[EXTRACTED MATERIAL]
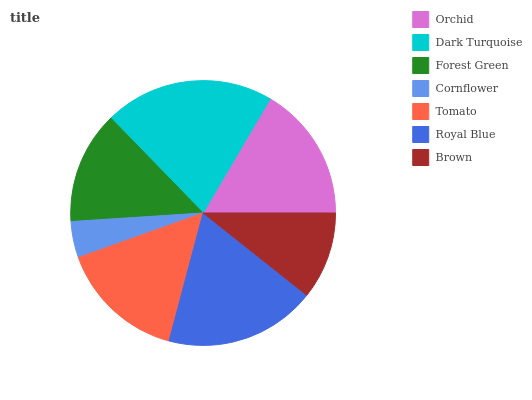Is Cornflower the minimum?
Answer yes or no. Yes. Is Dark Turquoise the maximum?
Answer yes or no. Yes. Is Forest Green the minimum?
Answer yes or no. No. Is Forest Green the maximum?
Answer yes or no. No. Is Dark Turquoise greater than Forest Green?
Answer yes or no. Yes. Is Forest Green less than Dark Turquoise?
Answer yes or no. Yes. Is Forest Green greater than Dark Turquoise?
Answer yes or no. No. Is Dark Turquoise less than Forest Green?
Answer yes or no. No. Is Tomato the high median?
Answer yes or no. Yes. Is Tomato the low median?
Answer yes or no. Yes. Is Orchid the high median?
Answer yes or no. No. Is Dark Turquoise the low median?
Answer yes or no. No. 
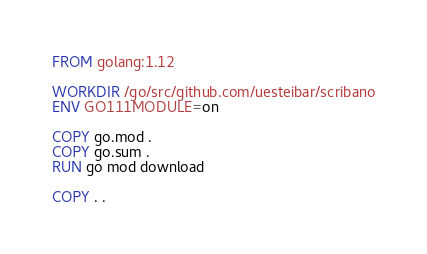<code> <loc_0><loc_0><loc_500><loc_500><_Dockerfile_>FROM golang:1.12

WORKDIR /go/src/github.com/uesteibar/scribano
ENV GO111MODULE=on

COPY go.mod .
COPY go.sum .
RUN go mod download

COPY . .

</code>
[/EXTRACTED MATERIAL]
[EXTRACTED MATERIAL]
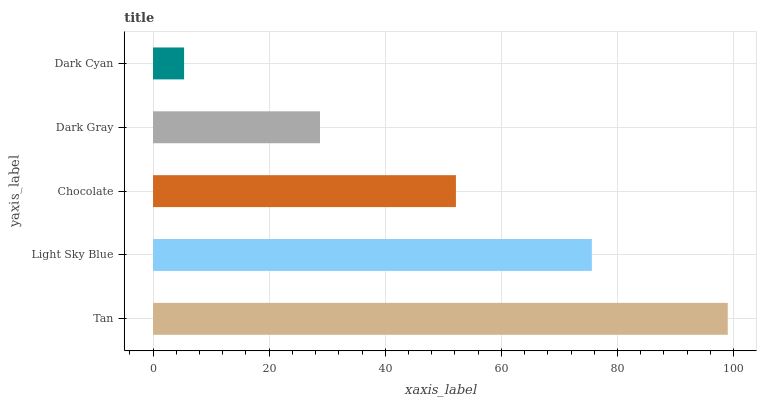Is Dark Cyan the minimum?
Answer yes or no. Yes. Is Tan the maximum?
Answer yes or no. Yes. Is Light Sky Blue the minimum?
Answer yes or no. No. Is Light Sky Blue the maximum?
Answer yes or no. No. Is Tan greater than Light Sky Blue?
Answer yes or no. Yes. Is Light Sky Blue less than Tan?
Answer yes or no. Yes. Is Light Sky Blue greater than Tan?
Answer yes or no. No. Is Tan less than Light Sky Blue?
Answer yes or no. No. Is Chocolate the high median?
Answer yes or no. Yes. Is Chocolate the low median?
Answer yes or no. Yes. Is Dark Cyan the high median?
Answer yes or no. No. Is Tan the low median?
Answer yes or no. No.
[/EXTRACTED MATERIAL]
TRY IT.
Using the records above, copy every line that has the word "Tomato" in it.

RESPONSE TO THE TASK.
Answer yes or no. No. Is Tomato the high median?
Answer yes or no. Yes. Is Tomato the low median?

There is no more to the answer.